> [Work order]: Leaving out the images, reproduce every line of the data that follows exactly.

__________

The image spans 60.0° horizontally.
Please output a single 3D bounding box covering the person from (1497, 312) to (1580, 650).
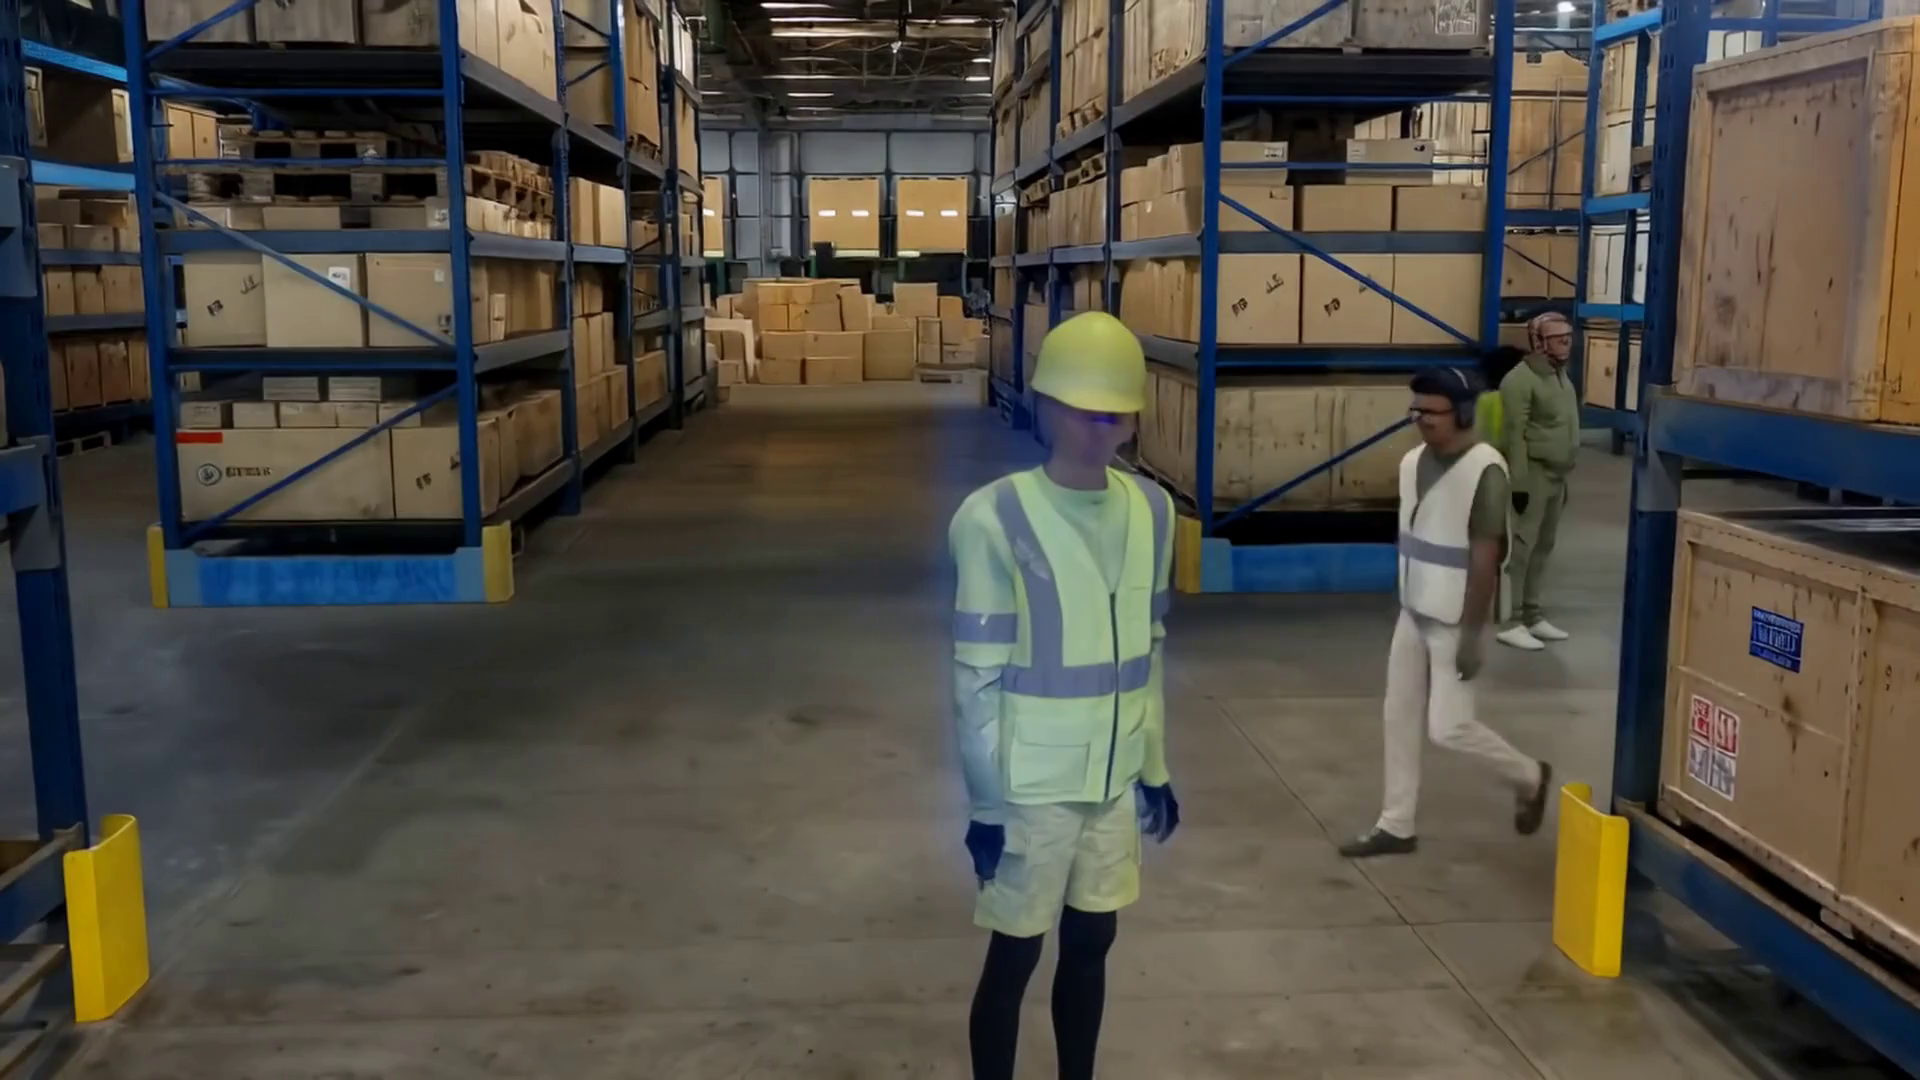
[{"bbox_3d":[3.327,-0.342,9.522,0.406,1.910,0.639,8,12,41],"label":"person"}]

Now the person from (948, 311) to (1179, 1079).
[{"bbox_3d":[0.261,0.519,3.704,0.609,2.040,0.394,-7,11,-37],"label":"person"}]

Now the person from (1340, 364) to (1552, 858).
[{"bbox_3d":[1.789,0.277,5.928,0.667,1.815,0.597,-3,10,-20],"label":"person"}]

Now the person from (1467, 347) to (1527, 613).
[{"bbox_3d":[3.287,-0.365,10.373,0.423,1.674,0.562,1,9,3],"label":"person"}]

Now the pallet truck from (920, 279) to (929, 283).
[{"bbox_3d":[-0.932,-8.922,63.114,1.885,1.965,0.823,2,9,13],"label":"pallet truck"}]

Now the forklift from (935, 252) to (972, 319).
[{"bbox_3d":[-0.304,-7.584,51.949,1.129,2.768,1.873,-5,10,-30],"label":"forklift"}]

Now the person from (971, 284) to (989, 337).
[{"bbox_3d":[0.571,-6.320,47.148,0.574,1.888,0.991,-3,10,-21],"label":"person"}]

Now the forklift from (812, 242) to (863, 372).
[{"bbox_3d":[-2.938,-5.074,36.192,1.873,2.768,1.129,-1,9,-4],"label":"forklift"}]

__________

> [Task solution]:
The image spans 60.0° horizontally.
Please output a single 3D bounding box covering the person from (1497, 312) to (1580, 650).
[{"bbox_3d":[3.327,-0.342,9.522,0.406,1.910,0.639,8,12,41],"label":"person"}]

Now the person from (948, 311) to (1179, 1079).
[{"bbox_3d":[0.261,0.519,3.704,0.609,2.040,0.394,-7,11,-37],"label":"person"}]

Now the person from (1340, 364) to (1552, 858).
[{"bbox_3d":[1.789,0.277,5.928,0.667,1.815,0.597,-3,10,-20],"label":"person"}]

Now the person from (1467, 347) to (1527, 613).
[{"bbox_3d":[3.287,-0.365,10.373,0.423,1.674,0.562,1,9,3],"label":"person"}]

Now the pallet truck from (920, 279) to (929, 283).
[{"bbox_3d":[-0.932,-8.922,63.114,1.885,1.965,0.823,2,9,13],"label":"pallet truck"}]

Now the forklift from (935, 252) to (972, 319).
[{"bbox_3d":[-0.304,-7.584,51.949,1.129,2.768,1.873,-5,10,-30],"label":"forklift"}]

Now the person from (971, 284) to (989, 337).
[{"bbox_3d":[0.571,-6.320,47.148,0.574,1.888,0.991,-3,10,-21],"label":"person"}]

Now the forklift from (812, 242) to (863, 372).
[{"bbox_3d":[-2.938,-5.074,36.192,1.873,2.768,1.129,-1,9,-4],"label":"forklift"}]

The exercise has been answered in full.